Proving $\sin(x) + \sin(2x) + \sin(3x)+ \cdots +\sin(nx) = \frac{cos(1/2) - cos(n-1/2)}{2 \sin(1/2)2}$ via Ceasro Summation?

Question

I'm having trouble proving the following conjecture in $(1.)$, via Fourier methods, my intial attack can be seen in $(2)$

$(1.)$

$$\sin(x) + \sin(2x) + \sin(3x)+ \cdots +\sin(nx) = \frac{cos(1/2) - cos(n-1/2)}{2 \sin(1/2)2}$$  

$(2)$

On the RHS, side of our conjecture of $(1.)$, the following observations can be made due to applying the technique of Ceasro Summation, one can derive the Cesaro means from the RHS of $(2.1)$.

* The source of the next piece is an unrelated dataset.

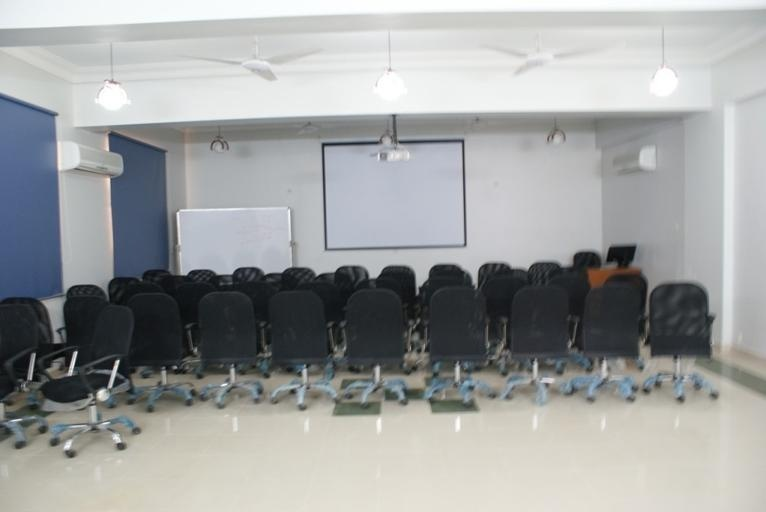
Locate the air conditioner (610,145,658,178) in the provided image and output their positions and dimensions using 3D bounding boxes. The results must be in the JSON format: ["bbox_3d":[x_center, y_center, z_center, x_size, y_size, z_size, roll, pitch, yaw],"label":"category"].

$$[S_{k} = \sin(x) + \sin(2x) + \sin(3x)+ \cdots + \sin (nx) = \sum_{n} \sin(n(x))\tag{2.1}]$$

$$[\sigma_{n} = \frac{\sin(x)) + \sin(2(x)) + \sin(3(x)) + \cdot \cdot \cdot + sin(n(x))_{n-1}}{N} \tag{2.2}]$$

$$[ \sin(x) + (1 - 1/k) \sin(2x) + \cdot \cdot \cdot + (1 - n/k) \sin(n(x)) + \cdot \cdot \cdot \frac{1}{k}\sin(n(x))_{k-1} \tag{2.3}]$$

One, can formally verify the observations made in $(2.2)-(2.3)$, by taking the $\lim_{n \rightarrow \infty}\sigma_{N}$, as follows in $(2.4)$

$$\lim_{n \rightarrow\infty} (\sin(x) + (1 - 1/k) \sin(2x) + \cdot \cdot \cdot + (1 - n/k) \sin(n(x)) + \cdot \cdot \cdot \frac{1}{k}\sin(n(x))_{k-1}) = S$$

Lemma:

The specifics of my questions, lie on applying Theorem $(3.23)$ to the RHS side, of $(2.3)$ for the application of the theorem to be successful it would following from the RHS of $(1.)$ to be written as Fourier polynomials as follows:

$$F_{n}(x) = a_{o}+(a_{1}\cos(x) +b_{1}\sin(x))) + \cdot \cdot \cdot + (a_{n} \cos(n(x) + b_{n}\sin(n(x))$$

Is my approach on the right track any hints would be helpful.

Answer 1

$$\sum_{k=1}^n\sin{k}=\frac{\sum\limits_{k=1}^n2\sin\frac{1}{2}\sin{k}}{2\sin\frac{1}{2}}=\frac{\sum\limits_{k=1}^n\left(\cos\left(k-\frac{1}{2}\right)-\cos\left(k+\frac{1}{2}\right)\right)}{2\sin\frac{1}{2}}=\frac{\cos\frac{1}{2}-\cos\left(n+\frac{1}{2}\right)}{2\sin\frac{1}{2}}.$$

Answer 2

You can also write $$series = Im\bigg( \sum_{k=1}^n e^{ikx}\bigg) =Im\bigg( e^{ix} \frac{1- e^{inx}}{1-e^{ix}} \bigg)= Im \bigg( e^{ix/2} \frac{1- e^{inx}}{e^{-ix/2} - e^{ix/2}} \bigg)\\ = Im \bigg(i \frac{e^{ix/2}- e^{i(n+0.5)x}}{2 \sin(x/2)} \bigg)= Re \bigg( \frac{e^{ix/2}- e^{i(n+0.5)x}}{2 \sin(x/2)} \bigg)= \frac{\cos(x/2) - \cos[(n+0.5)x]}{2 \sin(x/2)} $$

where Im and Re stand for imaginary and real parts of exponential function.